Articles

Might we in the future have a single data base storing all human knowledge?

Over recent years, knowledge bases such as Wikipedia, Allociné, or social networks such as Facebook have multiplied via the Internet. These bases, built up by Internauts or created automatically by computers, are becoming more and more important or containing more and more data. The problem is that their size makes them extremely difficult to handle and even to study. We can deduce that studies on large-scale data bases would be highly valuable at the present time.

Might we in the future have a single data base storing all human knowledge?

Essentially, a data base is a graph in which each node represents a concept and each link a special relationship between two concepts. These links are therefore of different natures. For example, social networks are data bases where the nodes are people and the link are those that interconnect the people. Today's data bases, such as the social networks or knowledge bases (Allociné, Imdb ...) have millions of nodes and often a hundred or more types of relationship possible. Most bases are collaborative, i.e., these are augmented and improved by the Internauts themselves. They may, naturally, contain errors or double entries. Other vases are created by robots that collect their information from the Web, and consequently, they also are error-prone.

If we wish to fully and efficiently use the bases, then we must be able to identify and correct errors. However, according to Antoine BORDES "the bases have now reached a size such that the error seeking analysis cannot be carried out by human agents. We have to come up with a system to handle them and a software package designed to extract data that doe not appertain to the regularities that underpin the data (as identified by the software above). In most instances, the analysts are faced with false data and they require new investigation."

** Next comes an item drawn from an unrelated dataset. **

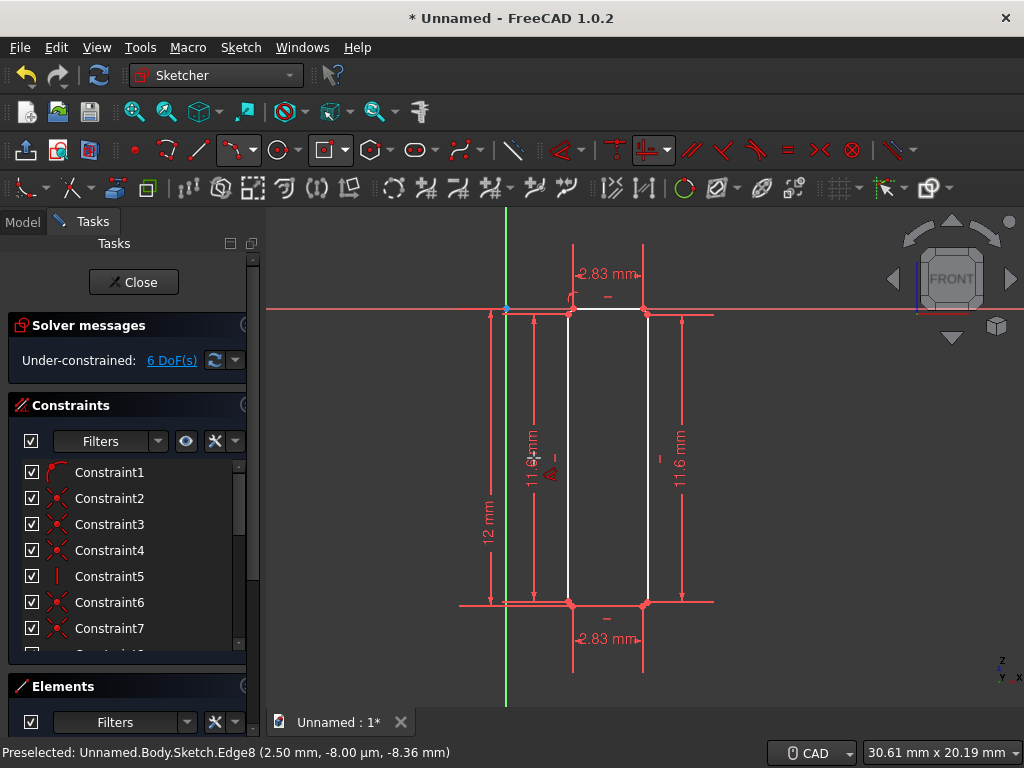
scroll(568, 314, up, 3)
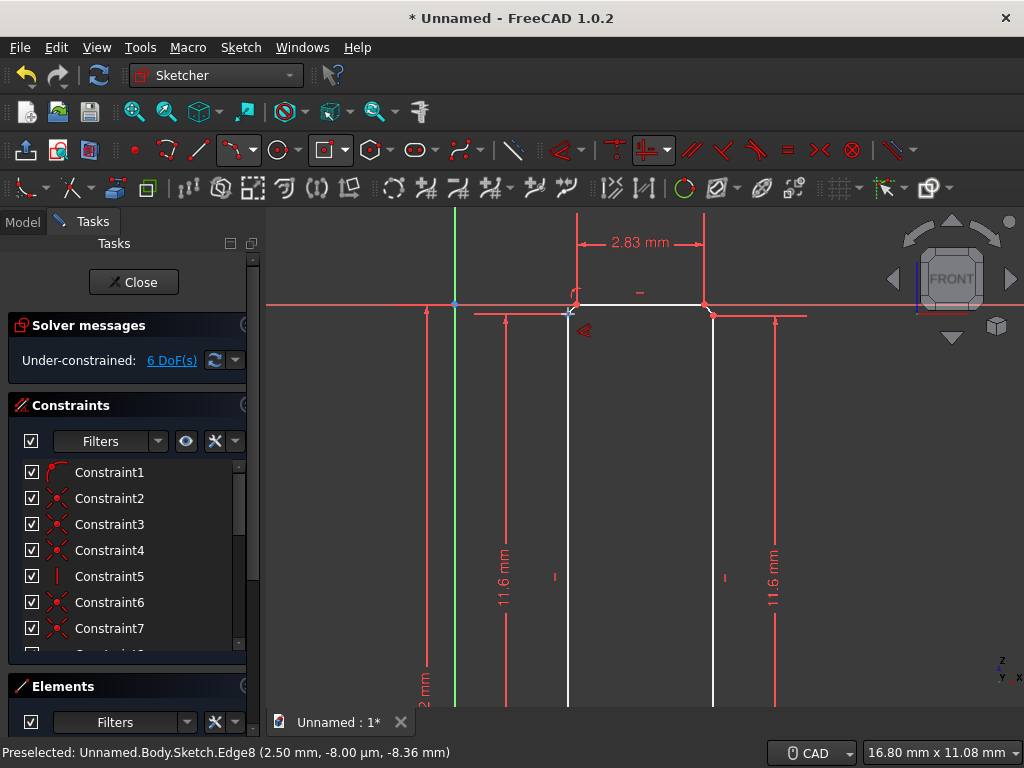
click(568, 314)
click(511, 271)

The ANR project supervised and managed by Antoine BORDES began in January 2013 for duration of 4 years. The objective assigned is to "make the bases more readable and simpler by summary techniques". In order to do this, the UTC Heudiasyc Laboratory will project the bases studied into a vectorial space so that the links among nodes using probability functions. The probability values will enable the research scientists to establish distances between nodes and therefore identify forms of similarity between some nodes. The aim is to group together millions of nodes that more or less contain all the data.

Modelling the data base allows you to see the regular features, i.e., those groups of entities that express similarities or links that express similar things. The vectorial space can then be projected to a 2D surface helping visualisation and analysis. Thus, explains Antoine BORDES "by applying these calculations to the Wordnet data base, where each node represents a group of the word sleeve, which can carry several meanings will be represented by as many nodes as there are meanings), and each link the lexical relationships among the lexicographic meanings (thus, a sleeve is part of a pullover). We can start with a word and determine the other words or synonyms that are "closest" in meaning or connotation".

The algorithm used groups together several European countries, but can also be used to "see" countries close to Europe but not Member States. The algorithm can then suggest missing links or relationships in the knowledge base, using a probabilistic method. It could therefore prove extremely useful to suggest new links in social networks, for example. Likewise it could serve in genetic engineering, using the protein and gene bases to suggest possible interactions between a gene and a given protein, even if, as Antoine points out "this will never replace conventional genetic research, but could suggest new areas for research scientists to investigate".

A longer range objective of the project would consist of merging several complementary knowledge bases together, thereby avoiding double entries, the latter stemming from different encoding procedures. As an example, if we merge two cinema bases, with the link "actor So-and-so played in this film" and "this film's actors are" will inevitably lead to double entries. Our algorithm will detect this and delete as appropriate. Once the bases are correctly merged and 'cleaned up' (double entries, etc. ), they can provide far more information and with a much better quality.